▶ Task to carry out: After counting the lines below that hold the word "highest", reply with the count and nothing else.

▶ Given records:
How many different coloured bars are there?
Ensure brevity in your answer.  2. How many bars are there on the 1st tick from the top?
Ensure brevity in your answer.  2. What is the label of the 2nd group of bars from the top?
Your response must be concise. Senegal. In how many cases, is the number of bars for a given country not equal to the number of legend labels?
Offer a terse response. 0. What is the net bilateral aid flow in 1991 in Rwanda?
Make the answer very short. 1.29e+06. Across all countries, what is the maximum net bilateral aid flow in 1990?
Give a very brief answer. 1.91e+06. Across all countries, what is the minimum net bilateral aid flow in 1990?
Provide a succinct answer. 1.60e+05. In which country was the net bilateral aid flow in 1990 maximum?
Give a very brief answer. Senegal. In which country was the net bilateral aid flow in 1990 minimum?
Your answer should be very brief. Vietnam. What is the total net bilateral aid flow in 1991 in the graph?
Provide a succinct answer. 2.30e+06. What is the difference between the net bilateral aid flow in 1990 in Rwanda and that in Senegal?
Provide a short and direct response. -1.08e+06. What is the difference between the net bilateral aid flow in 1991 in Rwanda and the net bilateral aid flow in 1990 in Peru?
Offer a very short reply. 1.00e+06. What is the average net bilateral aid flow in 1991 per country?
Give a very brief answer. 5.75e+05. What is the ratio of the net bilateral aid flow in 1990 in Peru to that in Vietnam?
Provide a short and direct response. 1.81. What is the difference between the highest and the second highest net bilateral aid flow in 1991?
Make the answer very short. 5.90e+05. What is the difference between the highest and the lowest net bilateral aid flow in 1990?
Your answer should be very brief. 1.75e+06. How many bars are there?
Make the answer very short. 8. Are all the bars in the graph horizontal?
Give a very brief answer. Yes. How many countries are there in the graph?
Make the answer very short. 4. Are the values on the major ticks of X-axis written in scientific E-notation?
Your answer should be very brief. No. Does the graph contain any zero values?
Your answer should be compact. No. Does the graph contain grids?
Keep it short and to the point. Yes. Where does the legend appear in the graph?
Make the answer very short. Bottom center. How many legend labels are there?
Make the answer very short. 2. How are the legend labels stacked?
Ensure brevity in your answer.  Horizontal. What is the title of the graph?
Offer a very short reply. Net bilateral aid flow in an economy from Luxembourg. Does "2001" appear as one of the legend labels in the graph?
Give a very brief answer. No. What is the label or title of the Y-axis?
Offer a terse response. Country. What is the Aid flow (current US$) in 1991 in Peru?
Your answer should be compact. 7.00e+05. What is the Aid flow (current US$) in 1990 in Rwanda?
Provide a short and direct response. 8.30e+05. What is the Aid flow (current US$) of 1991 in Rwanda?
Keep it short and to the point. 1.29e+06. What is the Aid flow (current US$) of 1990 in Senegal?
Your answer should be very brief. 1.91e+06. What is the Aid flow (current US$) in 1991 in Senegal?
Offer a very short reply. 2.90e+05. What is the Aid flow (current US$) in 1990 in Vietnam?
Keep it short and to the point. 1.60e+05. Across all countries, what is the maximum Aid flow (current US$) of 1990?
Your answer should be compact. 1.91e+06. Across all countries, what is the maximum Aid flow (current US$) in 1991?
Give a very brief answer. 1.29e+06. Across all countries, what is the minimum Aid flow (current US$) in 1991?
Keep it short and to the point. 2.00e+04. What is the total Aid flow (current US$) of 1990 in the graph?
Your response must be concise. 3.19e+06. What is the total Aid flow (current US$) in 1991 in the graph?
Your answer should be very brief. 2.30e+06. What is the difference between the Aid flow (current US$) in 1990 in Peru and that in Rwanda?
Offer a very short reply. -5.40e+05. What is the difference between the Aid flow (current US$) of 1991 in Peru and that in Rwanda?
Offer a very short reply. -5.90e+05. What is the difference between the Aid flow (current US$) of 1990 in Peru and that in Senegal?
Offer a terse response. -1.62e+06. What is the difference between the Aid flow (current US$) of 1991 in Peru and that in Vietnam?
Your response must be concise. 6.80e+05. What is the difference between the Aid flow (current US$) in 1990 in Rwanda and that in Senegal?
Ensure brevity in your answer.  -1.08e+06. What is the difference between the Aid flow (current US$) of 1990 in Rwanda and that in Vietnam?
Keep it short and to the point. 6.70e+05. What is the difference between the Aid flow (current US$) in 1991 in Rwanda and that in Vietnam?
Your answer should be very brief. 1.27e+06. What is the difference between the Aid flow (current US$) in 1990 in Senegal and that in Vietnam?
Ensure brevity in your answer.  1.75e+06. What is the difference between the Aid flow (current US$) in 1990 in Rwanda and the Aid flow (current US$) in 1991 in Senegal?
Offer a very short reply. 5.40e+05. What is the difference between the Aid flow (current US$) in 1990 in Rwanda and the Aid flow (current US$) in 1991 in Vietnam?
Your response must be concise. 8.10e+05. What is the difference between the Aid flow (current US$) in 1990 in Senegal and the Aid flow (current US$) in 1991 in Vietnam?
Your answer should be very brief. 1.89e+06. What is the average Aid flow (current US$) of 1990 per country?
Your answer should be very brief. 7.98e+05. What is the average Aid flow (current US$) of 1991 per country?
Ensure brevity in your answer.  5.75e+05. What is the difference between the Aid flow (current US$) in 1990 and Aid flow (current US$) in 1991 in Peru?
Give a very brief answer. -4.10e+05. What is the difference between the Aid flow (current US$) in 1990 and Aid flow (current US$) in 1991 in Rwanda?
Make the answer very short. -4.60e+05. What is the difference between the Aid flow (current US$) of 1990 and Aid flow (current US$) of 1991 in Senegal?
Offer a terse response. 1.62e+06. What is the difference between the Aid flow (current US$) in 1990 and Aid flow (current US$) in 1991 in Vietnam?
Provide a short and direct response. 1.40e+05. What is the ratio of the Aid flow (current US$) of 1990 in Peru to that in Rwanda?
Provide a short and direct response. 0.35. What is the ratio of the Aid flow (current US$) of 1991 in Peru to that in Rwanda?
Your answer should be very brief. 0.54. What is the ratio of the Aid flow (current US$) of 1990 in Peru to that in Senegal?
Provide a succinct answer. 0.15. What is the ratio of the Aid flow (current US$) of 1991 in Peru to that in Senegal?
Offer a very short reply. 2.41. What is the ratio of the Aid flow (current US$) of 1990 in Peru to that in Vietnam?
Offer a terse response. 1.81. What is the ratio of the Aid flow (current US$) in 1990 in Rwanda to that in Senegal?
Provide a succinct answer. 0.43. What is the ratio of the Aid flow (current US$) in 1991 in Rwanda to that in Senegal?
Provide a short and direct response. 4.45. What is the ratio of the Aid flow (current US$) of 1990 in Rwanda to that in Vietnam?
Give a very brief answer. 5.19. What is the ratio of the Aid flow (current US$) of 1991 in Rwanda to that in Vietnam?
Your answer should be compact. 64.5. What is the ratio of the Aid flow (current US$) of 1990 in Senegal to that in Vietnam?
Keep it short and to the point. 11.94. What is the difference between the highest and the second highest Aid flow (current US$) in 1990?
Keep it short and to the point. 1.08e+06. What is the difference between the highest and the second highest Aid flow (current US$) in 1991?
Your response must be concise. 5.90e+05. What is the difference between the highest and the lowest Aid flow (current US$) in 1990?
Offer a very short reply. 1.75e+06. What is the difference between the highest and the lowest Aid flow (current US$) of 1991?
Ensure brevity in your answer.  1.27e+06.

▶ Exercise answer: 6